Roasted Bone Marrow with Citrus Gremolata

Split marrow bones roasted until jiggly, topped with a bright citrus gremolata, watermelon radish, and microgreens. Served on grilled bread.

SERVES
4
ACTIVE
15 minutes
TOTAL
45 minutes
Roasted Bone Marrow with Citrus Gremolata

Bone marrow is the dish that separates people who eat from people who cook. It's pure fat, roasted in its own bone until it goes soft and jiggly, and you spread it on toast like the richest butter you've ever tasted. Most people have only had it at restaurants. It costs almost nothing to make at home.

I got hooked on marrow at a place in Chicago that served it with a citrus salad on top. The acid and the brightness cut through all that richness and made it feel like you could eat the whole plate without hitting a wall. That's what this recipe does.

Ingredients

The Marrow

  • 4 center-cut marrow bones, split lengthwise (ask your butcher)
  • Flaky salt
  • Coarsely ground black pepper

Citrus Gremolata

  • 1 cup flat-leaf parsley, finely chopped
  • 1 small shallot, minced
  • Zest and segments of 1 navel orange
  • Zest of 1 lemon
  • 1 tablespoon capers, chopped
  • 2 tablespoons good olive oil
  • Pinch of red pepper flake

Garnish

  • Watermelon radish, sliced paper thin
  • Microgreens
  • Grilled sourdough or country bread

The Cook

Soak the Bones

Soak the marrow bones in cold salted water for 12-24 hours in the fridge, changing the water a few times. This draws out the blood and impurities. The marrow should look creamy white when you're done.

Roast

Preheat your oven to 450F. Place the bones cut-side up on a sheet pan. Season with salt and pepper. Roast for 15-20 minutes until the marrow is soft, slightly bubbling at the edges, and starting to pull away from the bone. You want it jiggly, not melted. If you go too long, you lose it all into the pan.

While It Roasts

Make the gremolata. Toss the parsley, shallot, orange segments, both zests, capers, olive oil, and red pepper flake together. Season with a pinch of salt. This should be bright and punchy. It's doing all the heavy lifting against the richness of the marrow.

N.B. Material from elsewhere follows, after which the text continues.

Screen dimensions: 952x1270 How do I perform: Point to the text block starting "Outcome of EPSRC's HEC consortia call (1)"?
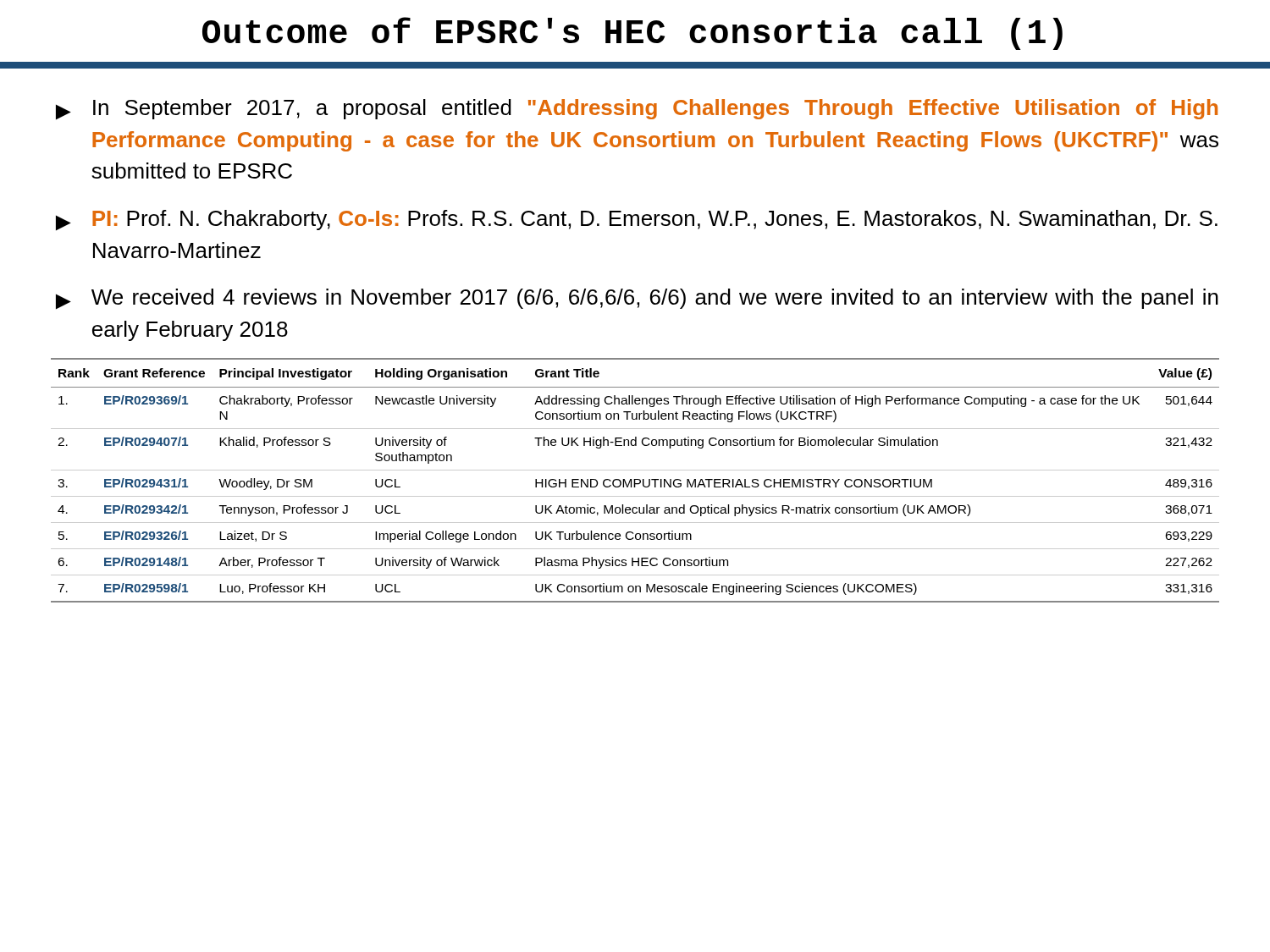click(x=635, y=34)

Grill or toast thick slices of sourdough until they have char marks and structure. You need bread that can hold up to being loaded with marrow.

Plate

Pull the bones from the oven. Set them on a platter or individual plates. Pile the citrus gremolata on top. Lay thin slices of watermelon radish over and around. Scatter microgreens. Serve with the grilled bread on the side.

Spread the marrow on the toast, top with a forkful of the gremolata. The contrast between the rich, fatty marrow and the bright, acidic salad is the whole point.